Exercise prompt
Reproduce the records exactly. Leave the pictures out.

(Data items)
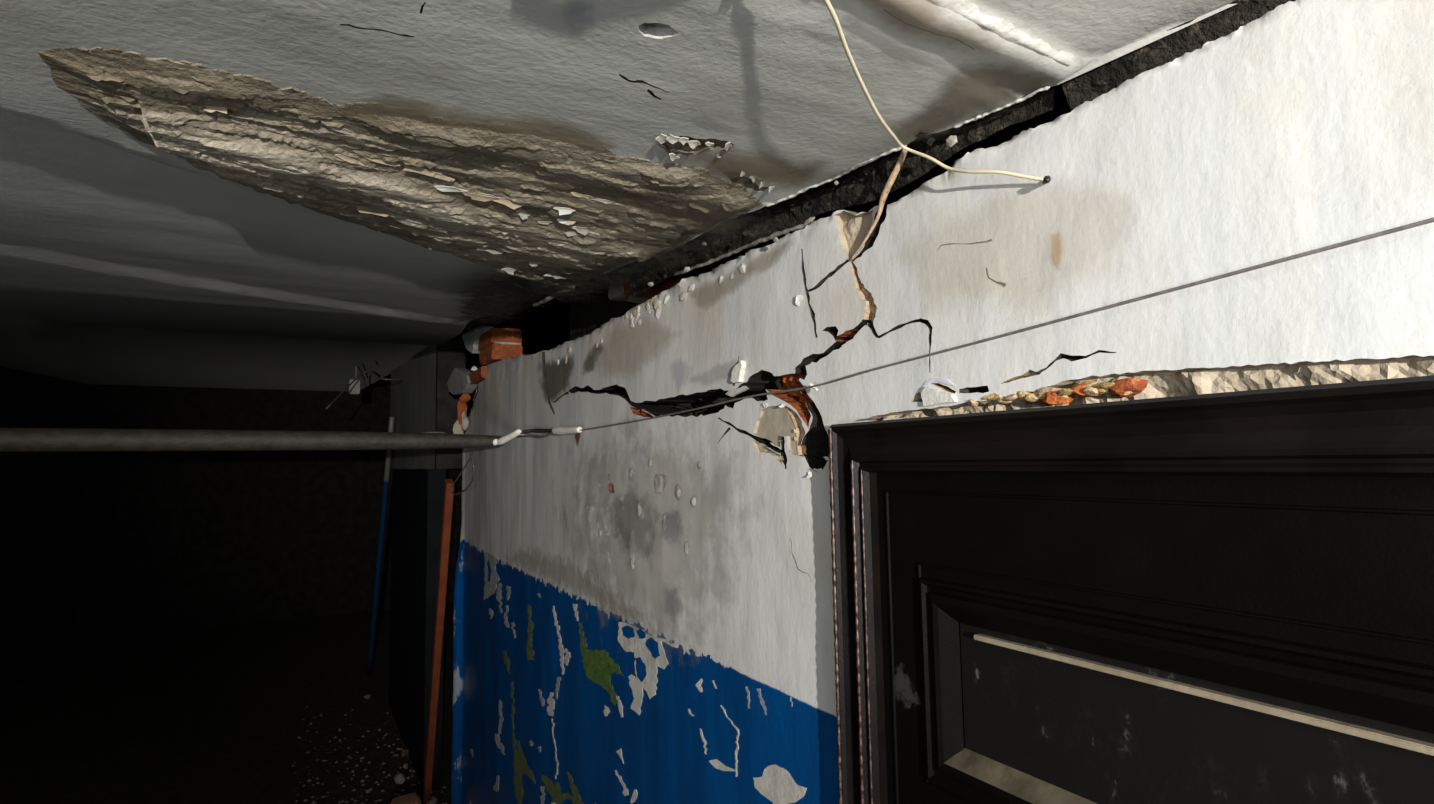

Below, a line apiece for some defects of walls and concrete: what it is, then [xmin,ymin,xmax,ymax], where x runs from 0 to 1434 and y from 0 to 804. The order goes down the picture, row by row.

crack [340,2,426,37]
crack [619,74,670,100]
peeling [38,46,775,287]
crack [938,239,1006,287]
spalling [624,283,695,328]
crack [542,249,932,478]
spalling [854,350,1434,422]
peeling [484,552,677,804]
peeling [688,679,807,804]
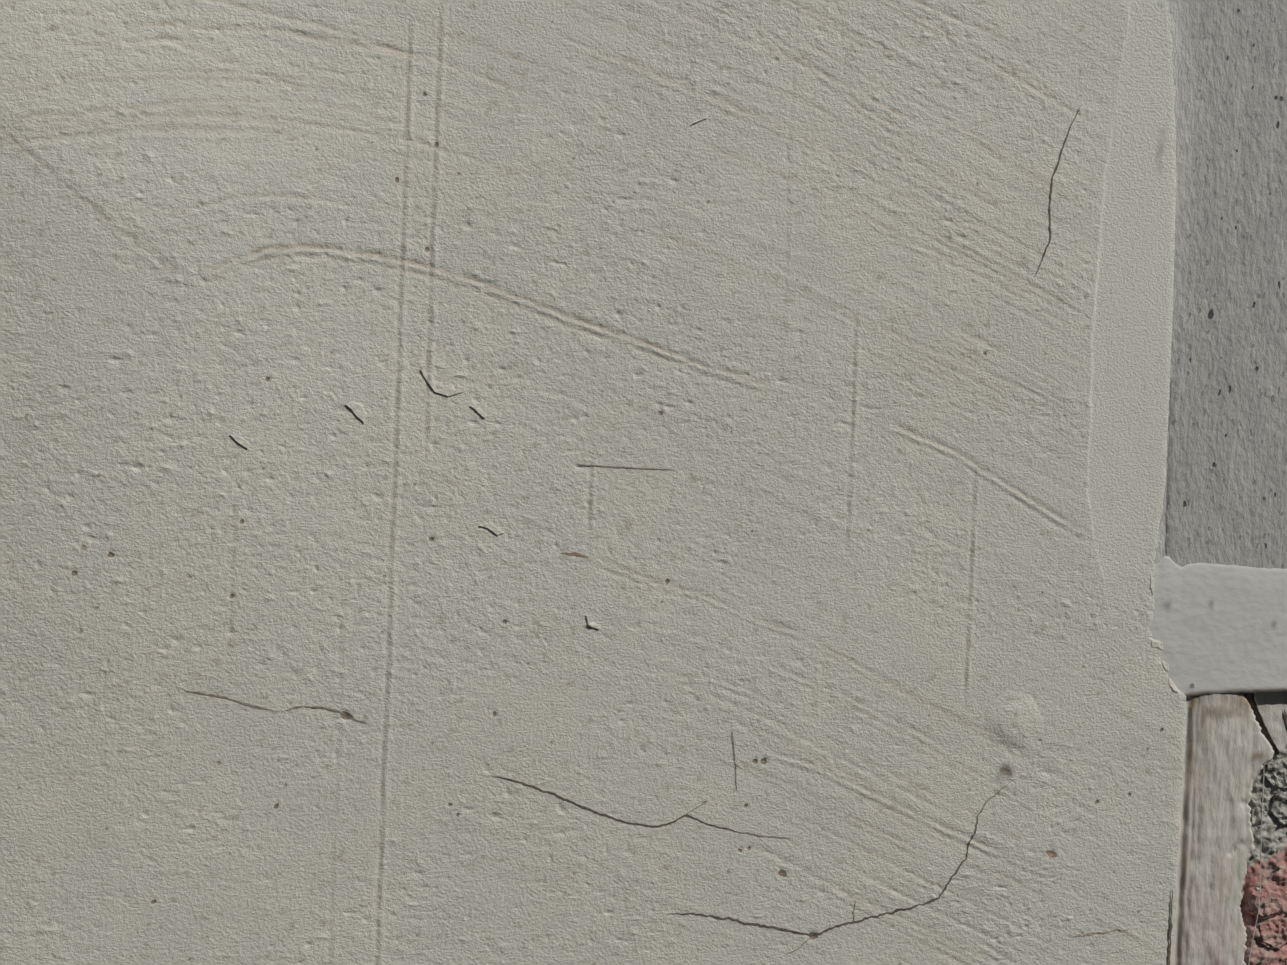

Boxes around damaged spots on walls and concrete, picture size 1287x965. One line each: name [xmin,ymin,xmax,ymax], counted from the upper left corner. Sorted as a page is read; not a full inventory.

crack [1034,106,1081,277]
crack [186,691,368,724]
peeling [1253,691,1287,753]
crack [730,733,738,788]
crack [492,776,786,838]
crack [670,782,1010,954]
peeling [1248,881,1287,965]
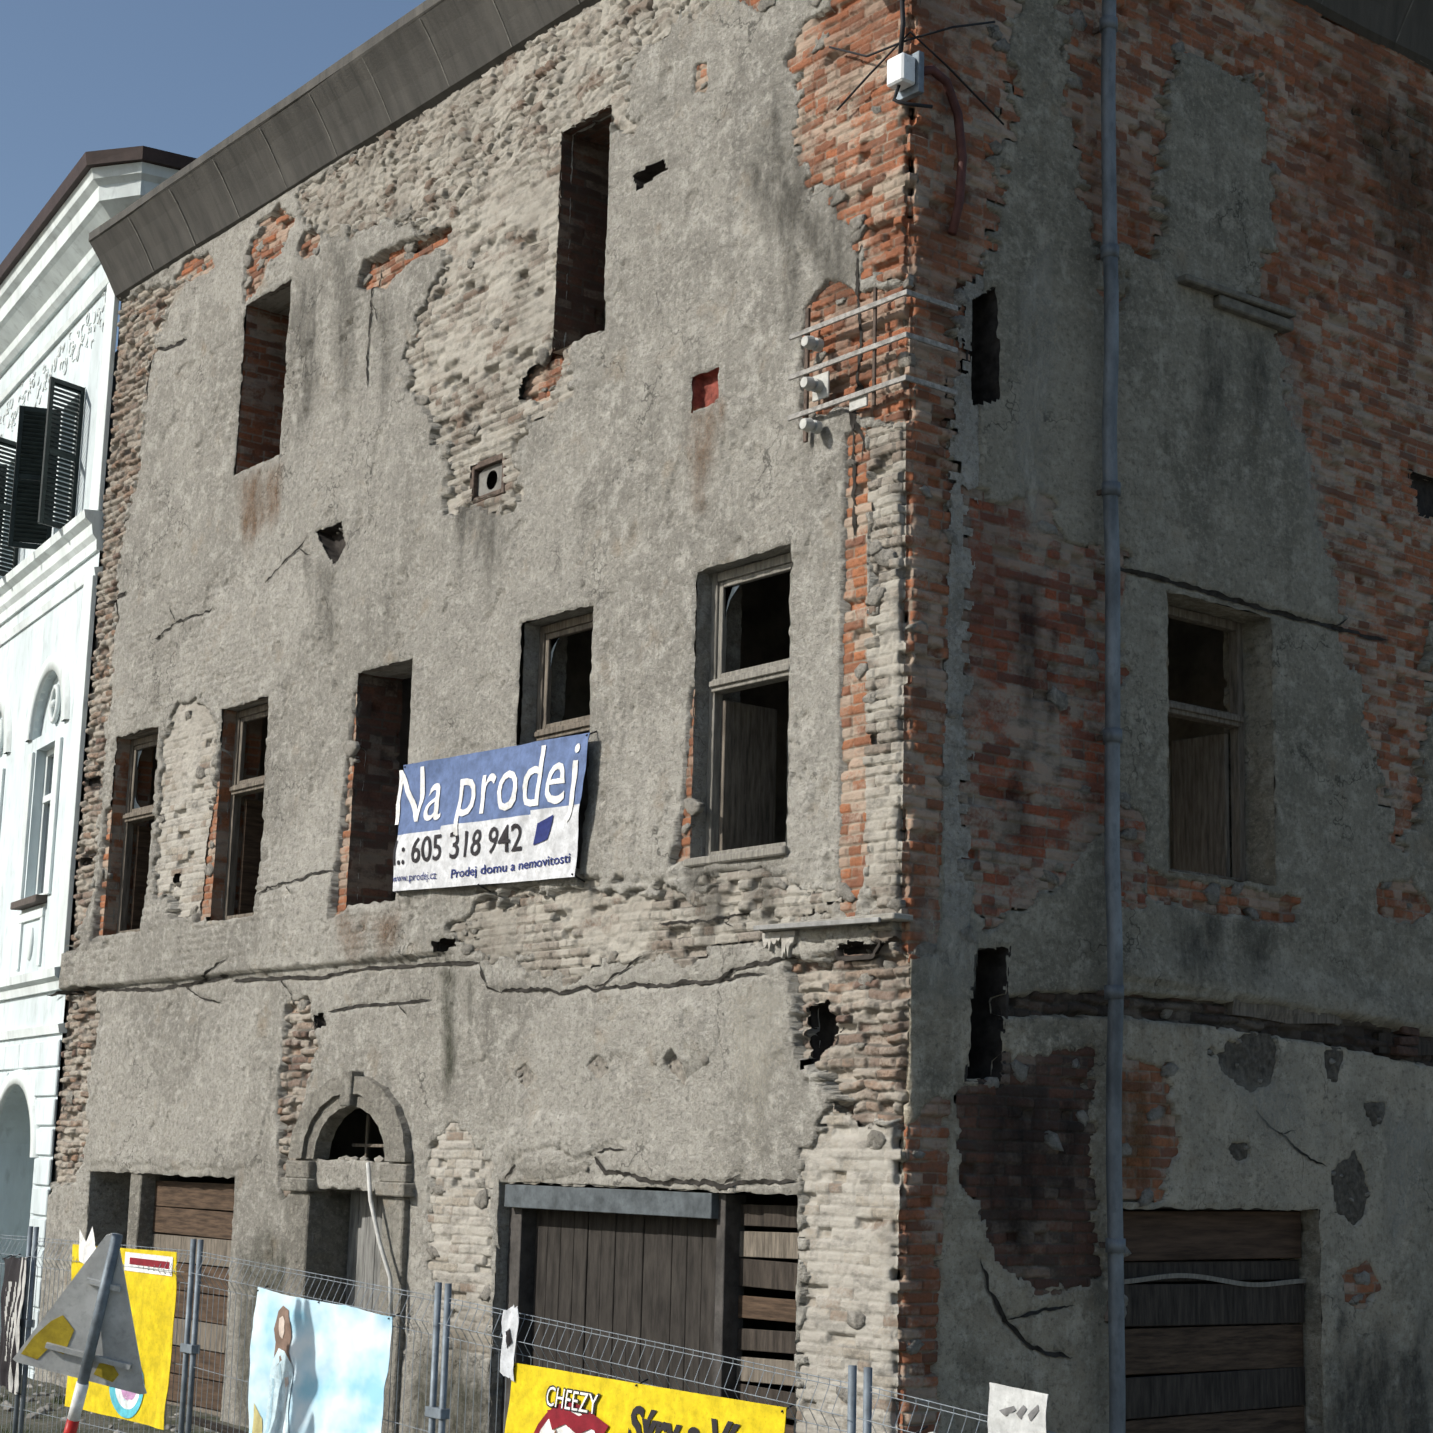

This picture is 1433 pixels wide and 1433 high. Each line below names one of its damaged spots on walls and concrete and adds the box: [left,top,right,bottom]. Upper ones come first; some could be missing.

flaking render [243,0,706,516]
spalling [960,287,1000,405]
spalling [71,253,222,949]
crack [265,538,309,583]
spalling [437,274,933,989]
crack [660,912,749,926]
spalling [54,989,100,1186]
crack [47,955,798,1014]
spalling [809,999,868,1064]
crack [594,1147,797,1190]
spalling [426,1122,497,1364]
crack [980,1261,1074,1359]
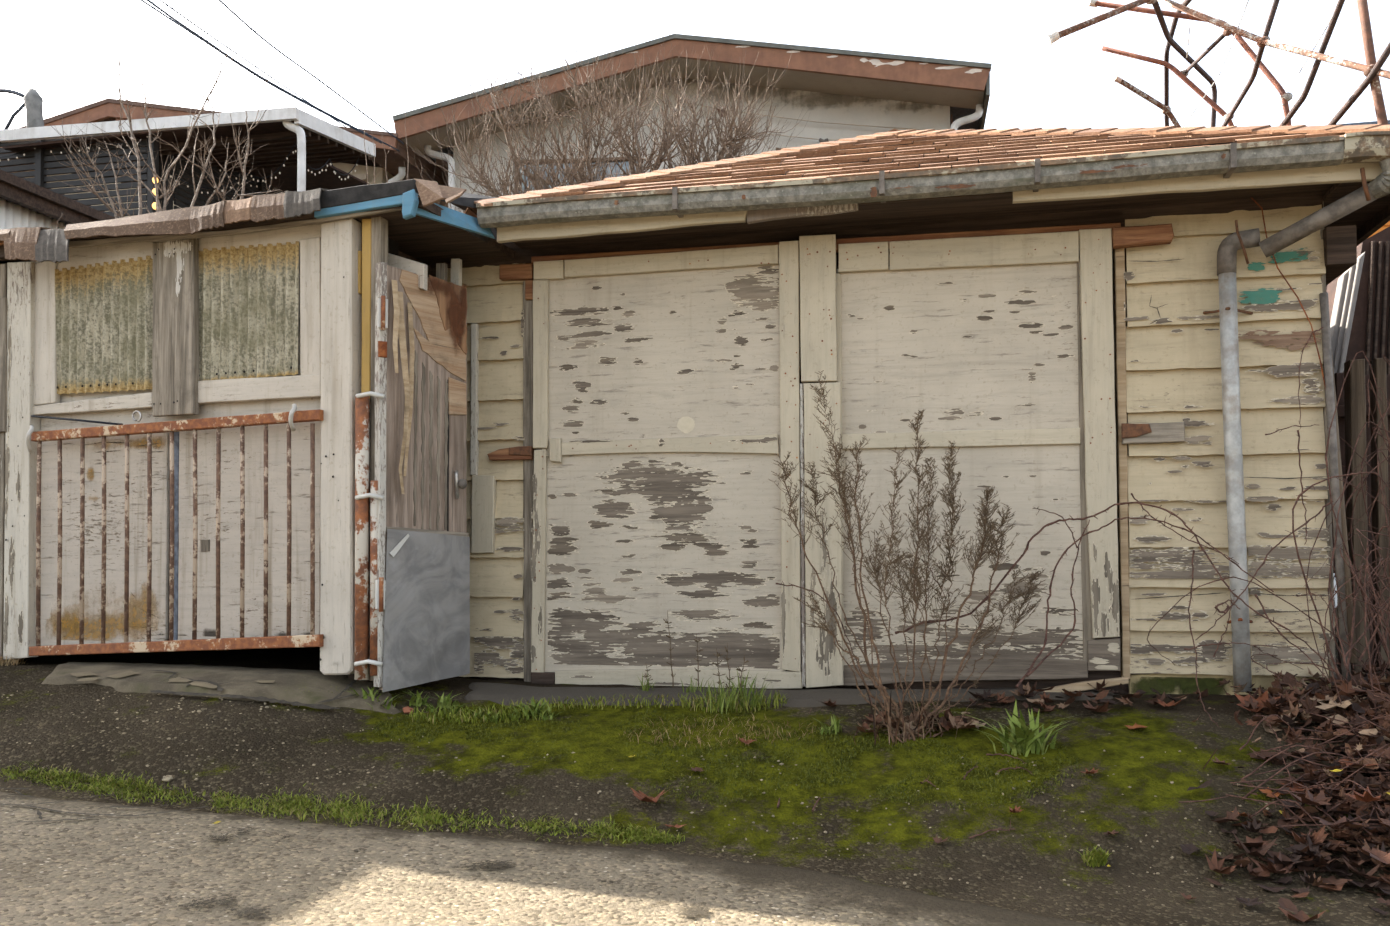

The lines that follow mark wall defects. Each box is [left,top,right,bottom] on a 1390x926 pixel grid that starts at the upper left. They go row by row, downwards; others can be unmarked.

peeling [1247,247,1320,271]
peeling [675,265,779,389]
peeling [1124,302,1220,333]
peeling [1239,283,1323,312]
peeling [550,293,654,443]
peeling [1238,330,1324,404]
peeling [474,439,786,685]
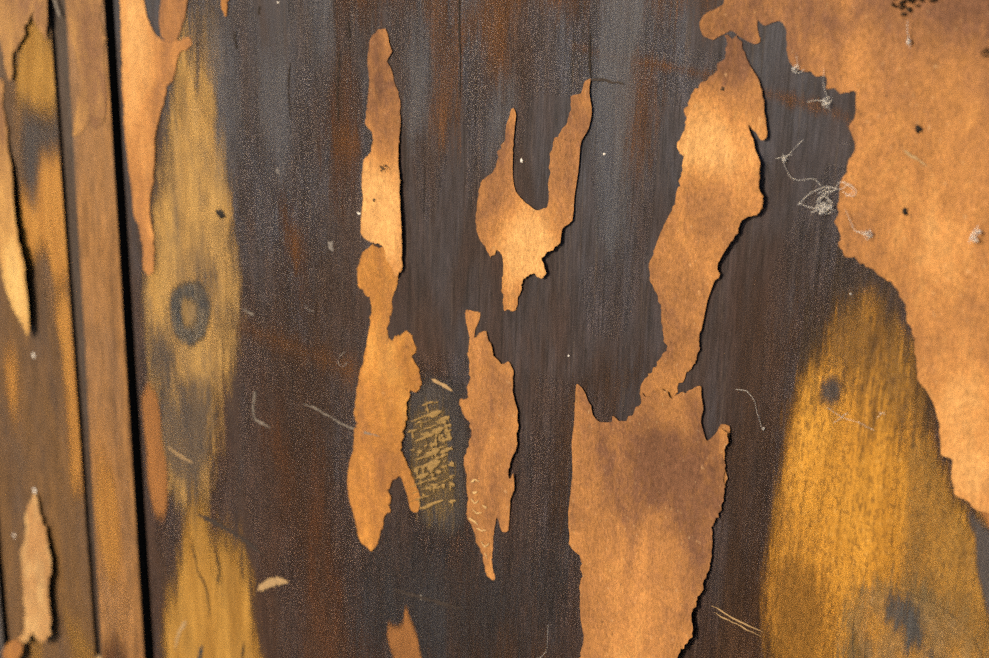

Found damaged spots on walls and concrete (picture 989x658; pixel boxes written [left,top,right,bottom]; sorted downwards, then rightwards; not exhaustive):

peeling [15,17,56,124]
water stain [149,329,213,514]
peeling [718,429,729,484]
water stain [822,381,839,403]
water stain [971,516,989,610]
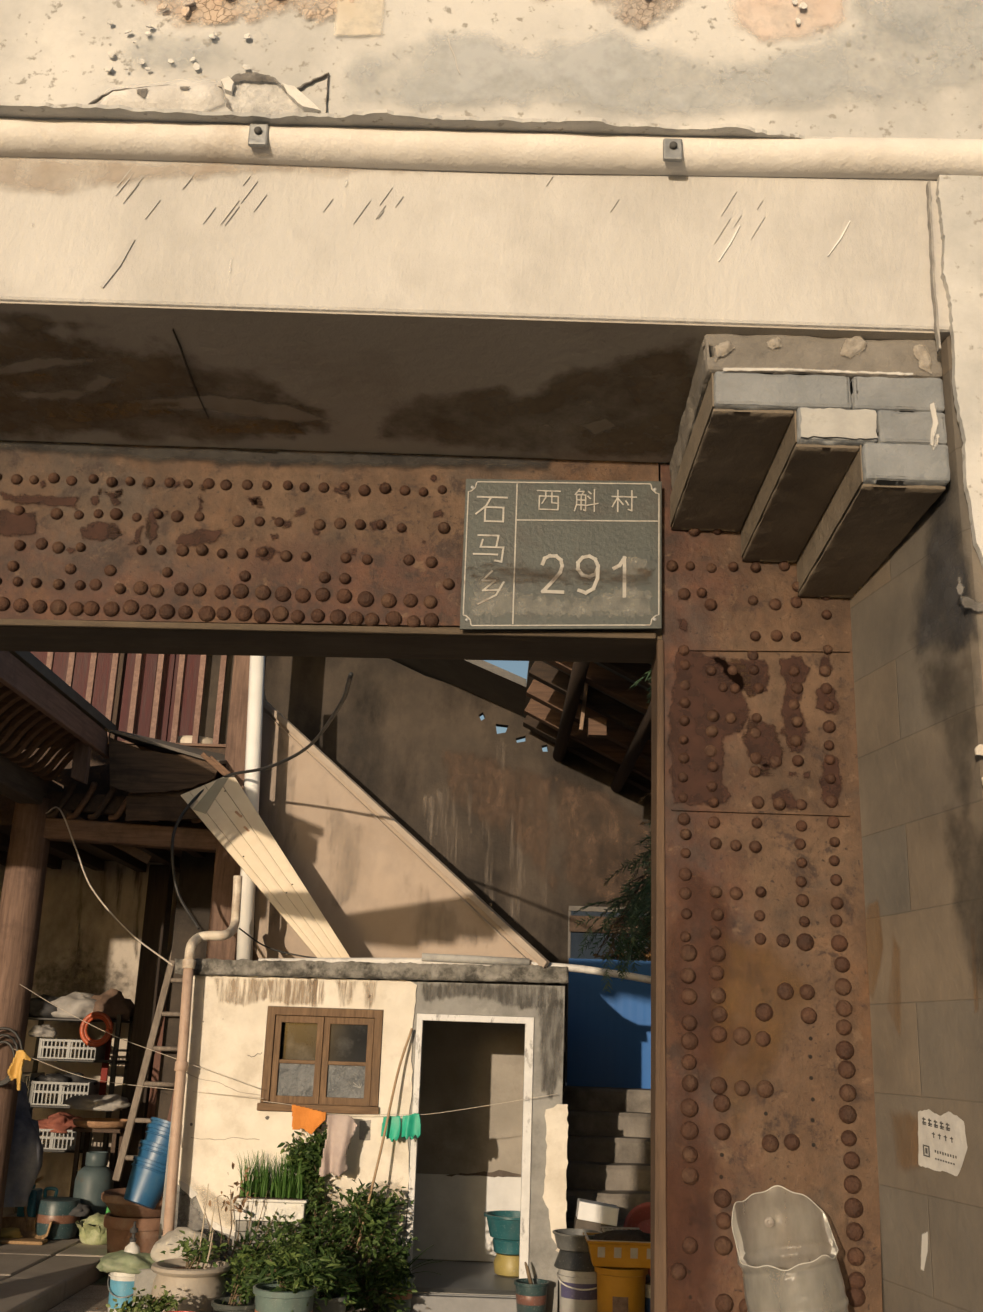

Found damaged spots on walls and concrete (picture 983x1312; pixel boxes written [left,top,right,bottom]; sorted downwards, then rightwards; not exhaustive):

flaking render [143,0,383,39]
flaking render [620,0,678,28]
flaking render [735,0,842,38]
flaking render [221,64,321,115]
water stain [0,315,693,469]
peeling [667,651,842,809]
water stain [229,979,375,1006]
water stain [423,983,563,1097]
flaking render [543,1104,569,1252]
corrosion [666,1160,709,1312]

Worked solution
Below, a line apiece for some defects of walls and concrete: what it is, then [xmin,ymin,xmax,ymax], where x runs from 0 to 1434 and y from 0 to 804. The order goes down the picture, row by row.

crack [340,2,426,37]
crack [619,74,670,100]
peeling [38,46,775,287]
crack [938,239,1006,287]
spalling [624,283,695,328]
crack [542,249,932,478]
spalling [854,350,1434,422]
peeling [484,552,677,804]
peeling [688,679,807,804]

Boxes around damaged spots on walls and concrete, picture size 1287x965. One line each: name [xmin,ymin,xmax,ymax], counted from the upper left corner. Sorted as a page is read; not a full inventory.

crack [1034,106,1081,277]
crack [186,691,368,724]
peeling [1253,691,1287,753]
crack [730,733,738,788]
crack [492,776,786,838]
crack [670,782,1010,954]
peeling [1248,881,1287,965]

This picture is 1433 pixels wide and 1433 high. Each line below names one of its damaged spots on walls and concrete and adds the box: [left,top,right,bottom]. Upper ones come first; some could be missing.

flaking render [243,0,706,516]
spalling [960,287,1000,405]
spalling [71,253,222,949]
crack [265,538,309,583]
spalling [437,274,933,989]
crack [660,912,749,926]
spalling [54,989,100,1186]
crack [47,955,798,1014]
spalling [809,999,868,1064]
crack [594,1147,797,1190]
spalling [426,1122,497,1364]
crack [980,1261,1074,1359]

The lines that follow mark wall defects. Each box is [left,top,right,bottom] on a 1390x926 pixel grid that starts at the upper left. They go row by row, downwards; others can be unmarked.

peeling [1247,247,1320,271]
peeling [675,265,779,389]
peeling [1124,302,1220,333]
peeling [1239,283,1323,312]
peeling [550,293,654,443]
peeling [1238,330,1324,404]
peeling [474,439,786,685]

Found damaged spots on walls and concrete (picture 989x658; pixel boxes written [left,top,right,bottom]; sorted downwards, then rightwards; not exhaustive):

peeling [15,17,56,124]
water stain [149,329,213,514]
peeling [718,429,729,484]
water stain [822,381,839,403]
water stain [971,516,989,610]

Found damaged spots on walls and concrete (picture 983x1312; pixel boxes written [left,top,right,bottom]; sorted downwards, then rightwards; not exhaustive):

flaking render [143,0,383,39]
flaking render [620,0,678,28]
flaking render [735,0,842,38]
flaking render [221,64,321,115]
water stain [0,315,693,469]
peeling [667,651,842,809]
water stain [229,979,375,1006]
water stain [423,983,563,1097]
flaking render [543,1104,569,1252]
corrosion [666,1160,709,1312]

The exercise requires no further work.